■ Goal of the exercise
Write out the data below exactly as given, without any of its pictures.
[Dataset entries]
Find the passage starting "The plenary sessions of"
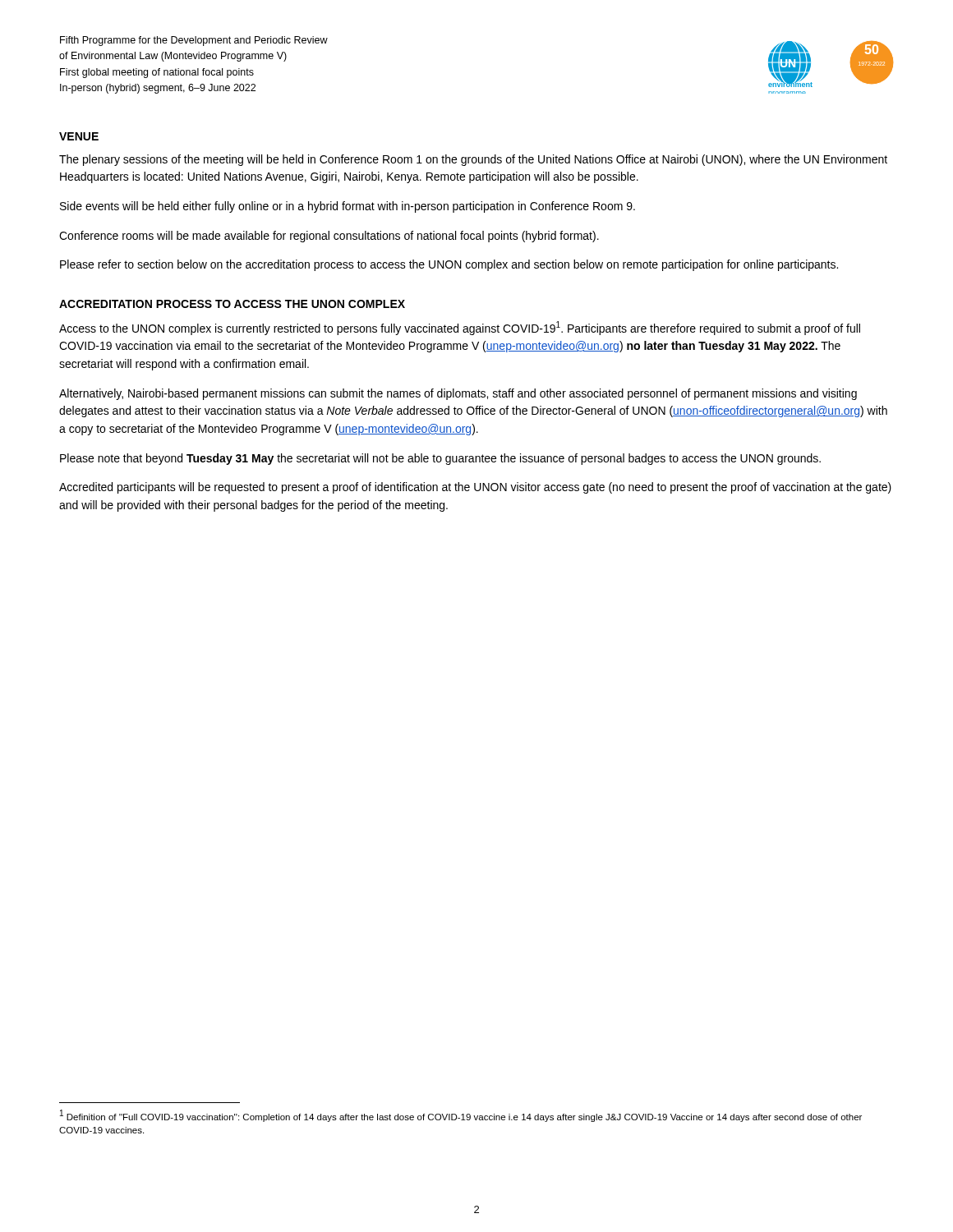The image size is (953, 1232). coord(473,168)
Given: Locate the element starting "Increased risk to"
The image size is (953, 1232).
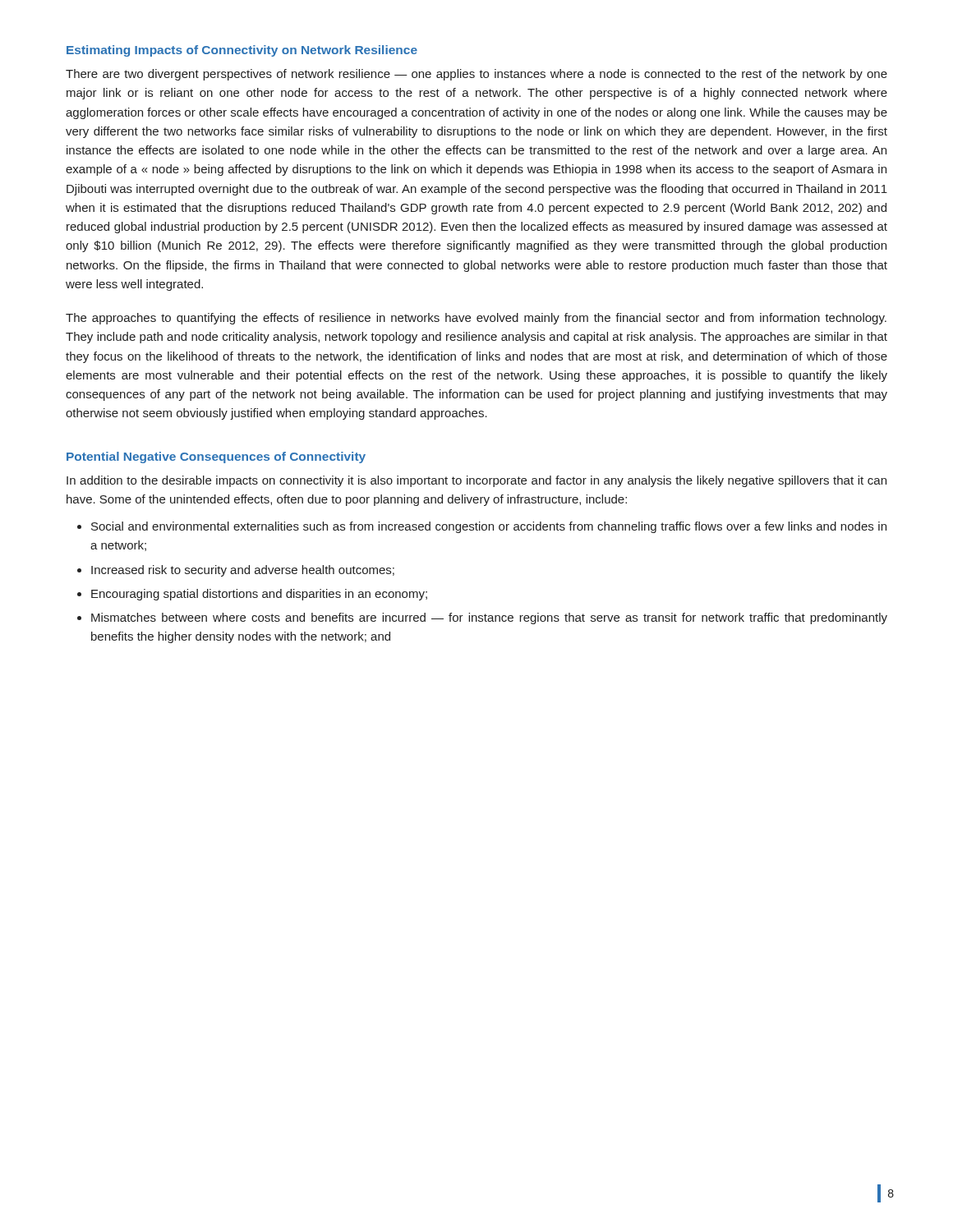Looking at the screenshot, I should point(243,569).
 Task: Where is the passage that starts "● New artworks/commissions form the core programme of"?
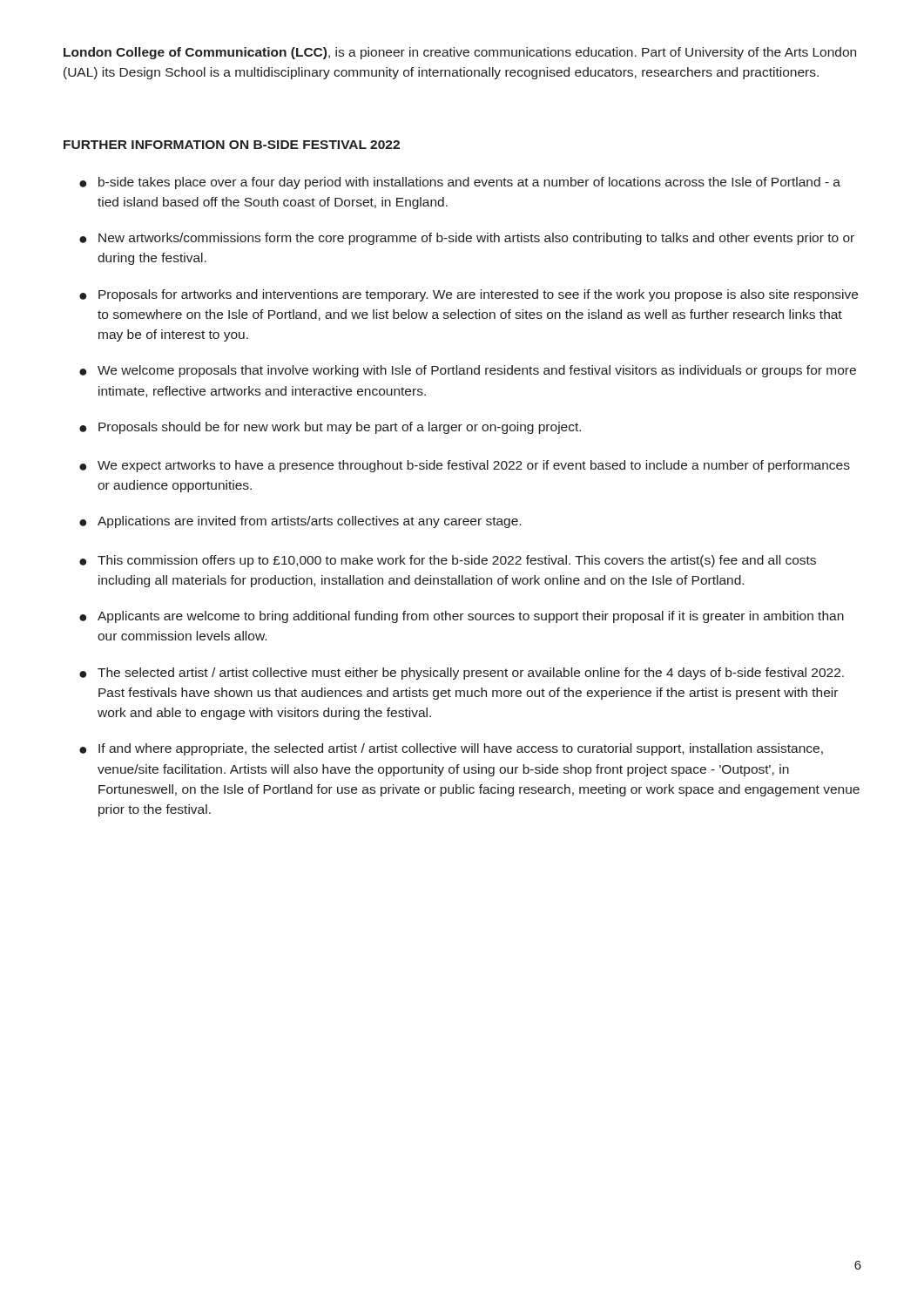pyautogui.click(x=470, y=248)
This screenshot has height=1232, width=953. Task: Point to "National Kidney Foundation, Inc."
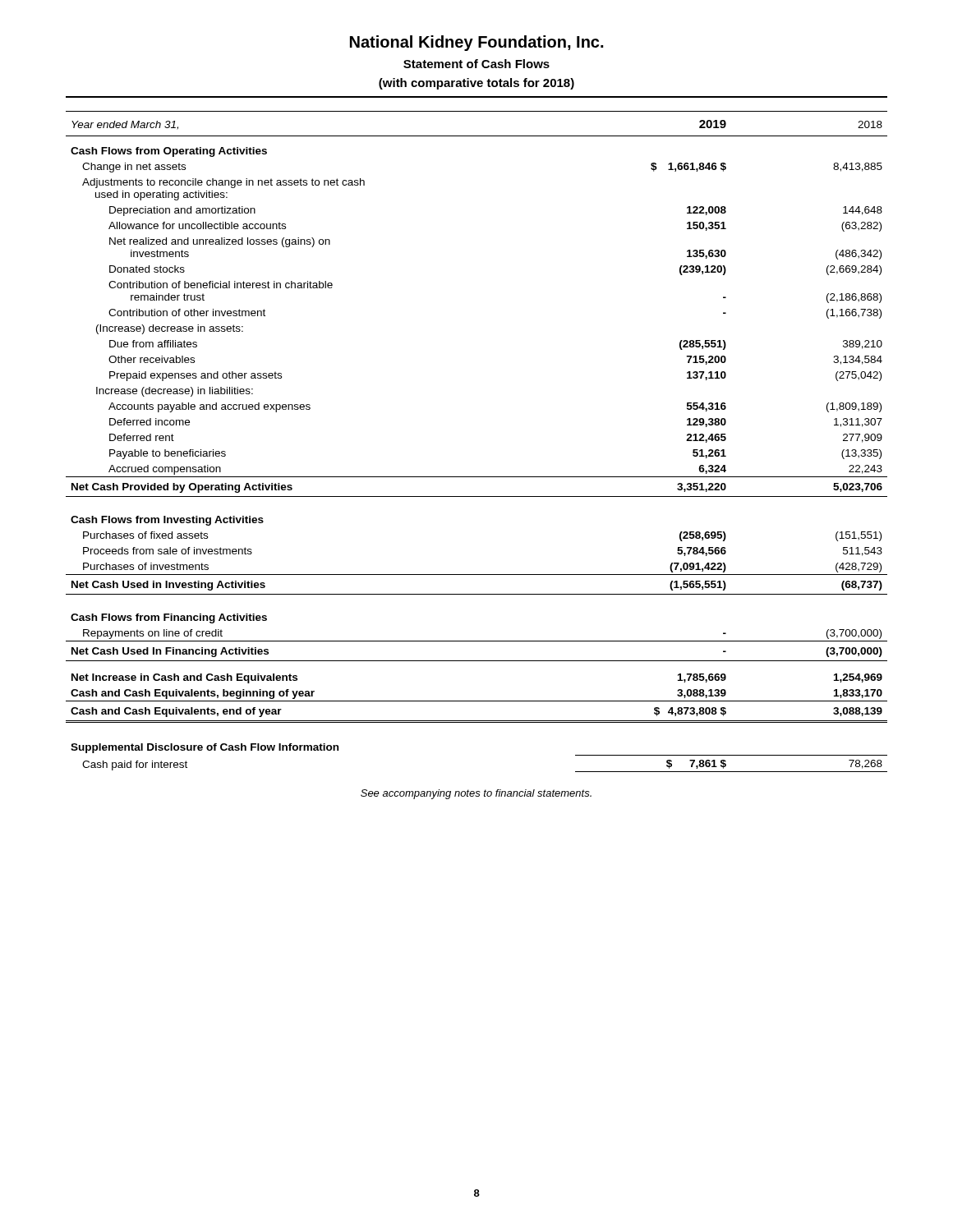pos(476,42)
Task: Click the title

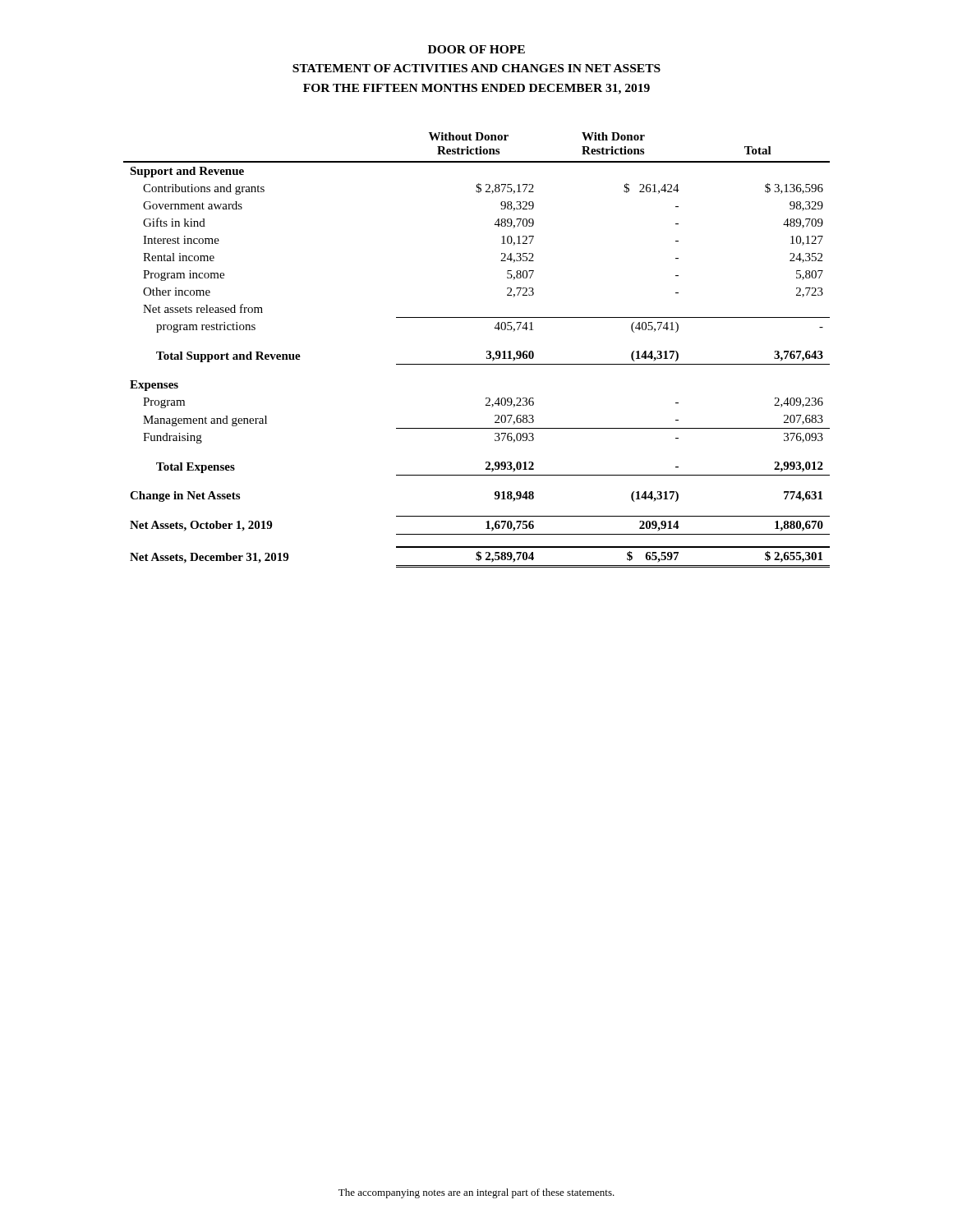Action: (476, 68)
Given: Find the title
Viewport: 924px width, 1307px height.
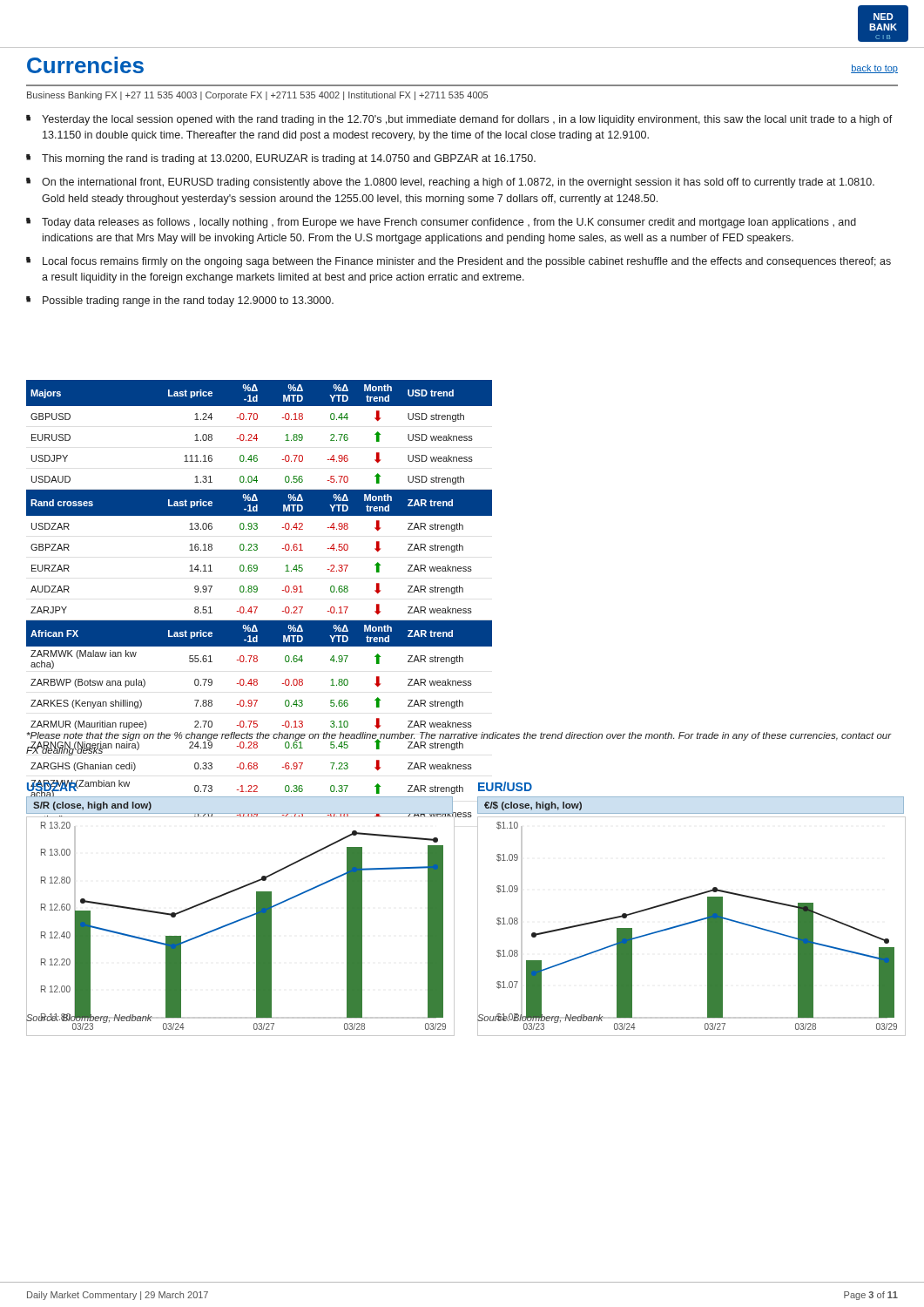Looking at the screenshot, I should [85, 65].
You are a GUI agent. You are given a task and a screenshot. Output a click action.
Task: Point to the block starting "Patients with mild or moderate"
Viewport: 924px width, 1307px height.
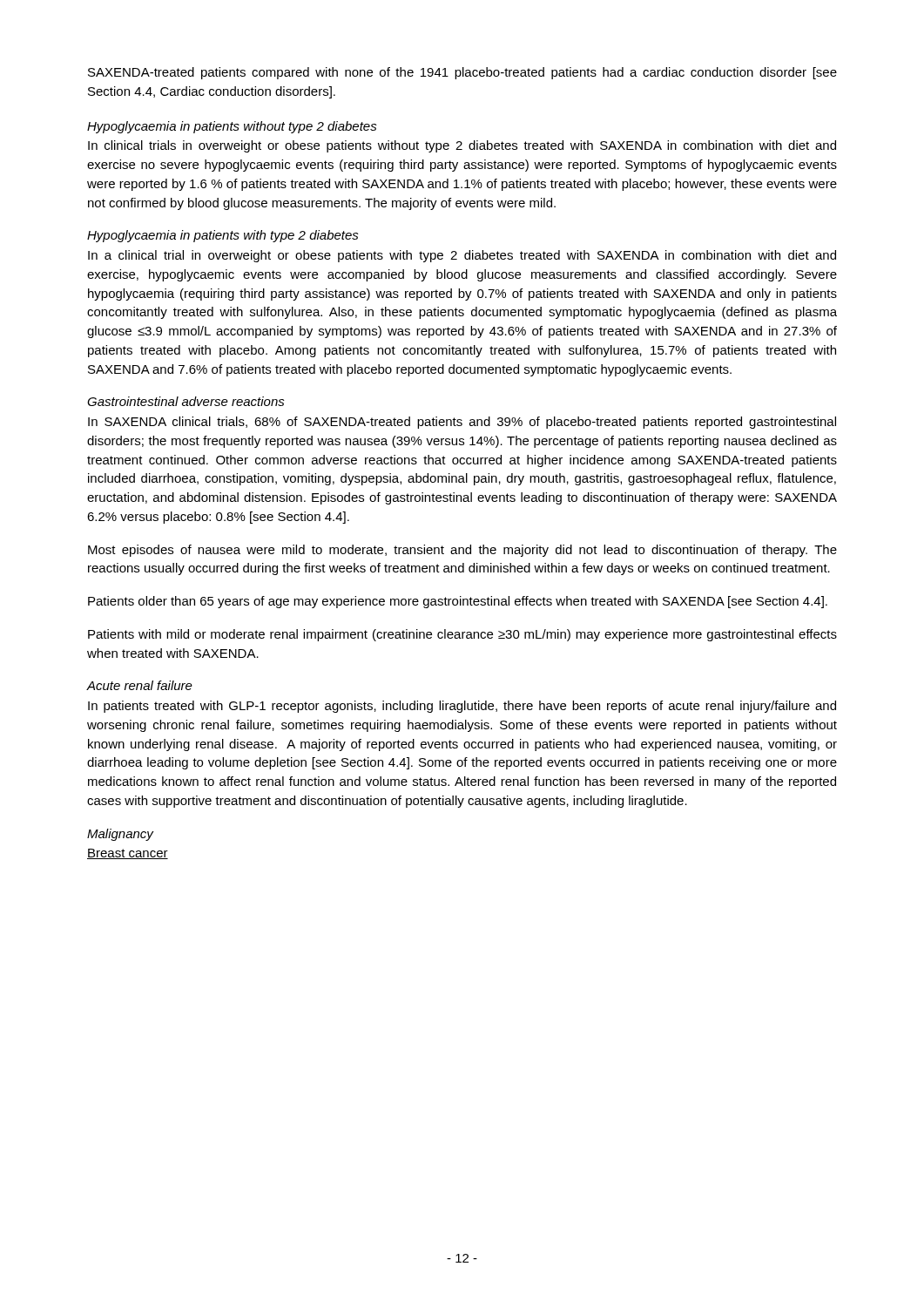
[/Dataset entries]
■ Reply to the task
Find the passage starting "The plenary sessions of"
The image size is (953, 1232). coord(473,168)
Given: Locate the element starting "Increased risk to"
The image size is (953, 1232).
Looking at the screenshot, I should point(243,569).
 Task: Where is the passage that starts "● New artworks/commissions form the core programme of"?
pyautogui.click(x=470, y=248)
This screenshot has height=1232, width=953. Task: Point to "National Kidney Foundation, Inc."
pos(476,42)
Task: Click the title

Action: (476, 68)
Given: Find the title
Viewport: 924px width, 1307px height.
Looking at the screenshot, I should [85, 65].
You are a GUI agent. You are given a task and a screenshot. Output a click action.
Task: Point to the block starting "Patients with mild or moderate"
Viewport: 924px width, 1307px height.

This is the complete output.